Stephen Kinnock MP, the Minister for Care, told council members that the government's aim is a health and care system built around preventative, community-based services, shaped by both people and place. When we translate that into everyday language, it means trying to support people sooner, closer to home and in ways that make sense locally. That is an important shift. Many people do not first turn to a large institution when life becomes difficult. They turn to a local charity, a parent group, a youth worker, a faith space or a community organiser they already know. The meeting recognised that these trusted connections are not an extra; they are often where real support begins.
Council members and the Minister also discussed trusted relationships, local power and the value of local experience. This part can sound abstract, but it is actually very practical. Services work better when people feel recognised, listened to and involved in shaping what is offered. The readout says Stephen Kinnock agreed to continue working with council members as government moves towards neighbourhood health. **What this means for you:** ministers are signalling that care should not just be delivered to communities, but built with them.
The meeting then turned to something less visible but just as important: the rules and habits that affect how government works with civil society. According to the official readout, the council has taken a data-driven approach to identify barriers that stop civil society organisations engaging in public procurement, and work is now under way with the Cabinet Office on solutions. This matters because public contracts often favour organisations with the time, staffing and confidence to handle complex bidding processes. If smaller charities and community groups are shut out, government can miss the very organisations that know an area best. Better access to procurement is not just an administrative fix; it can change who gets to help deliver public services.

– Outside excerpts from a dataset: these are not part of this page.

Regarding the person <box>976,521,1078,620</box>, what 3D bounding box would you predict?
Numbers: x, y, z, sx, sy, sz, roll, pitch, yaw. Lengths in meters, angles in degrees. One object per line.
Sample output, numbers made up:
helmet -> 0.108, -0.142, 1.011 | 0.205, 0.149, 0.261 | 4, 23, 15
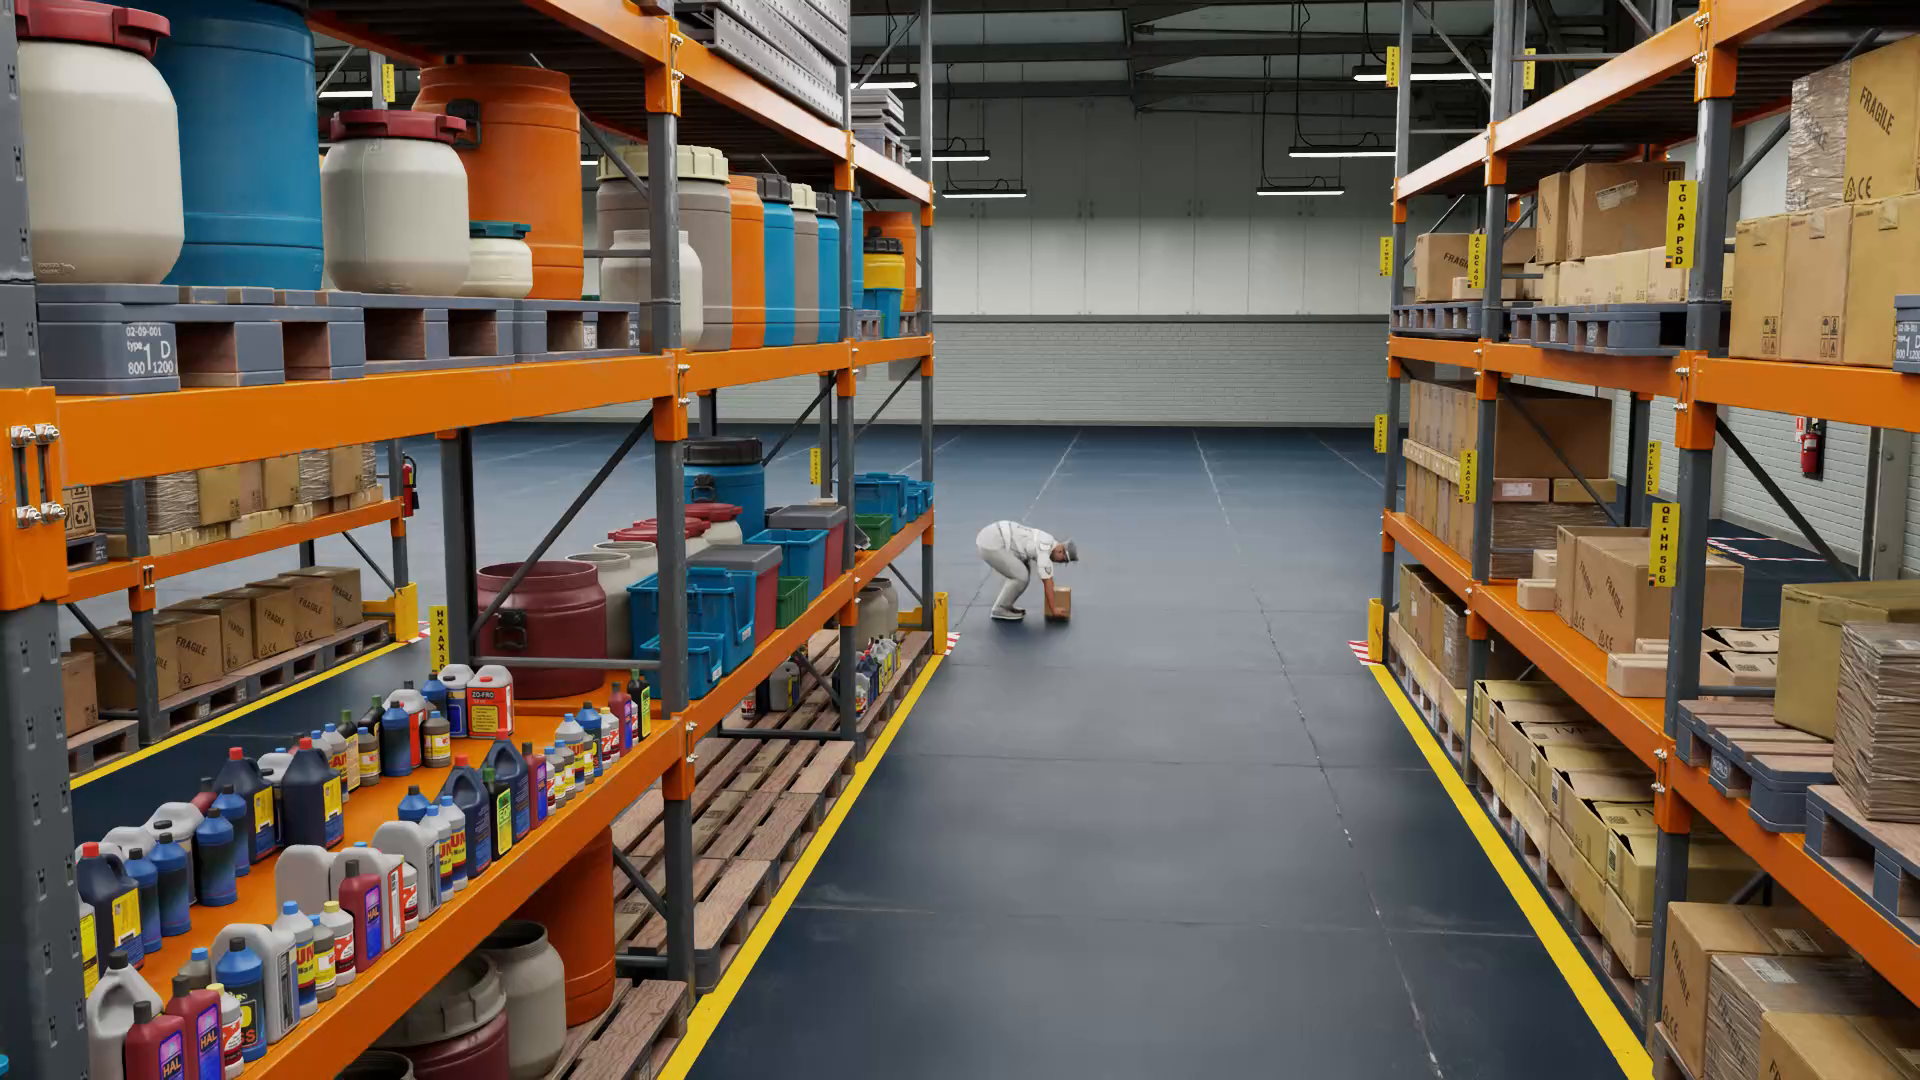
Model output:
person -> 0.668, 0.294, 16.543 | 1.021, 0.966, 0.540 | 0, 8, 3

Training was another strand of the discussion. New modules are being developed to build understanding and capability across both the civil service and civil society, as part of a wider offer to improve skills on both sides. That may sound dry, but it gets at a common problem. Partnerships often fail not because people disagree on the goal, but because they work to different timetables, different language and different expectations. Better training can make those gaps smaller and give community organisations a fairer footing when they deal with the state.

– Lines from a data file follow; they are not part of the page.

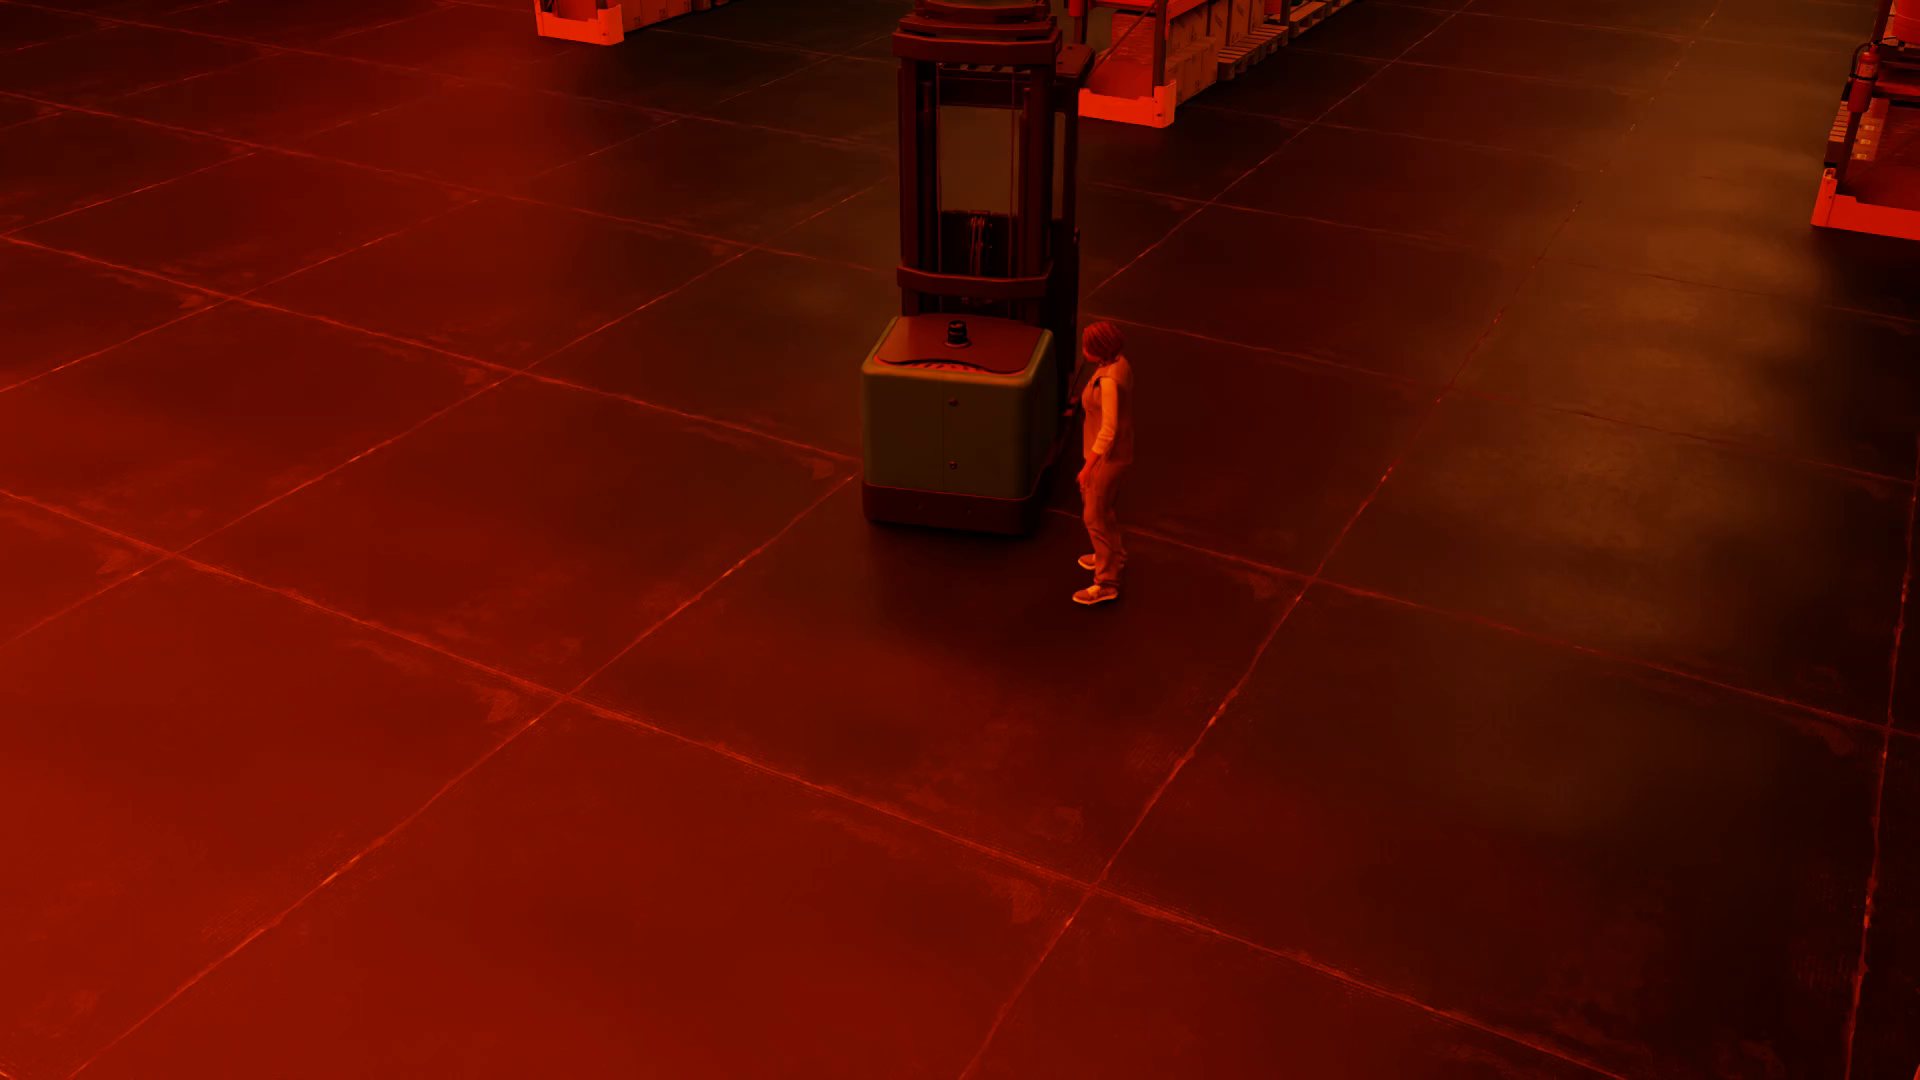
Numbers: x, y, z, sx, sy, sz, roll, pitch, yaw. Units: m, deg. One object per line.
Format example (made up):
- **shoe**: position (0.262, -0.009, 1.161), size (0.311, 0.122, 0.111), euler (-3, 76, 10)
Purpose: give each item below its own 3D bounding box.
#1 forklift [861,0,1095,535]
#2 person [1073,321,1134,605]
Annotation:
- **forklift**: position (0.219, -2.020, 10.570), size (1.130, 2.935, 3.031), euler (6, 31, 10)
- **person**: position (0.810, -0.464, 9.236), size (0.316, 1.574, 0.653), euler (5, 30, 9)

The council is also developing an operating model, alongside supporting principles, to embed participation and lived experience across government. In simple terms, that means trying to make sure policies are shaped by people who know the issue directly, not only by those observing it from an office. Alongside that, work is under way to raise the role of volunteering in the civil service. **Why this matters:** if government wants stronger public trust, it has to show that lived experience counts in decision-making and that volunteering is part of public service, not a polite add-on.
Kate Lee, the council's chair, closed the meeting by thanking members for their contributions and the work already under way. There was no single headline-grabbing announcement, but the meeting still tells us something important about the government's direction. The real test comes next. If these promises are serious, people should begin to see care that feels more local, community groups finding it easier to work with government, and more policies shaped by those who actually live with the outcomes. That is the measure worth watching after 8 July 2026.